### REQUIRED ACTION
Among the lines of the records below, copy those that hold the word "bounding".

EXERCISE DATA section start

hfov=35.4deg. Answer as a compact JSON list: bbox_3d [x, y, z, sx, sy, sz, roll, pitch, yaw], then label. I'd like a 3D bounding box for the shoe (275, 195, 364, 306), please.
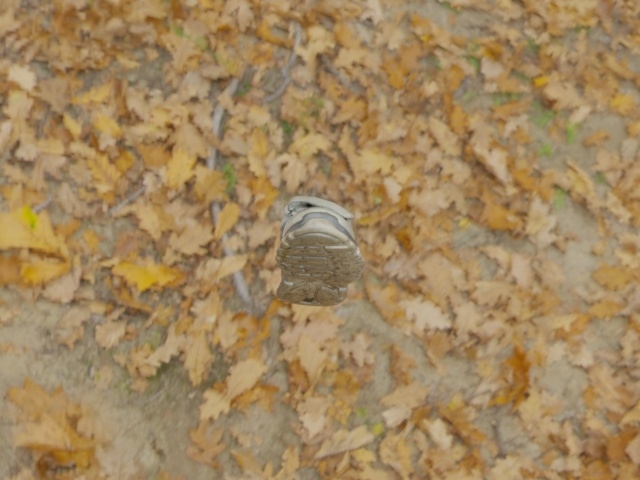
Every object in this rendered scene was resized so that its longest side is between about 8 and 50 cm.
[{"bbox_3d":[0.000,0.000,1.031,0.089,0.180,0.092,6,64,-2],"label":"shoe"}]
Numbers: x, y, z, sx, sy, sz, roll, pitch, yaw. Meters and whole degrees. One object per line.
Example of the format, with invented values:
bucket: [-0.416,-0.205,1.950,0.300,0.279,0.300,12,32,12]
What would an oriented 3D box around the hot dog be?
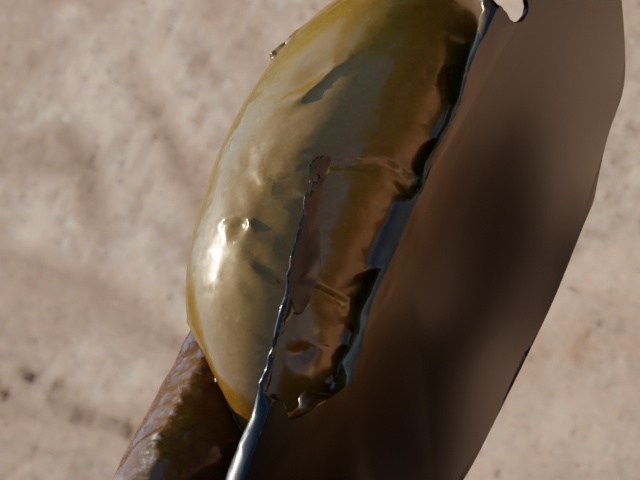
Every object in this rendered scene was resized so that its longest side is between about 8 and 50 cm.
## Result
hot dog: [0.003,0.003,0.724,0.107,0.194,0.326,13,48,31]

EXERCISE DATA section end
EXERCISE DATA section start

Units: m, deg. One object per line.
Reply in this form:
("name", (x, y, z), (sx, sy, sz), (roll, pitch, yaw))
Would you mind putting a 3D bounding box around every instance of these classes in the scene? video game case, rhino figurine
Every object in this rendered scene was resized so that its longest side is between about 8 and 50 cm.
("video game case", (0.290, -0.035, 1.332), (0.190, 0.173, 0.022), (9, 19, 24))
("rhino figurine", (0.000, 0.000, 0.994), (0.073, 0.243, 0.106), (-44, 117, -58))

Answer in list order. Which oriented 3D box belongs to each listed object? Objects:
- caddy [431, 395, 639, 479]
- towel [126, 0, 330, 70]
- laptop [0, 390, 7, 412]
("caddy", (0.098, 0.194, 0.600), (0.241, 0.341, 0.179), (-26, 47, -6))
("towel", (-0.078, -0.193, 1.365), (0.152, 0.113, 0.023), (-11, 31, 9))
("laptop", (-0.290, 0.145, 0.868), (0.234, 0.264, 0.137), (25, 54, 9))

EXERCISE DATA section end

### WRITTEN ANSWER
hfov=35.4deg. Answer as a compact JSON list: bbox_3d [x, y, z, sx, sy, sz, roll, pitch, yaw], then label. I'd like a 3D bounding box for the shoe (275, 195, 364, 306), please.
Would you mind putting a 3D bounding box around every instance of these classes in the scene? video game case, rhino figurine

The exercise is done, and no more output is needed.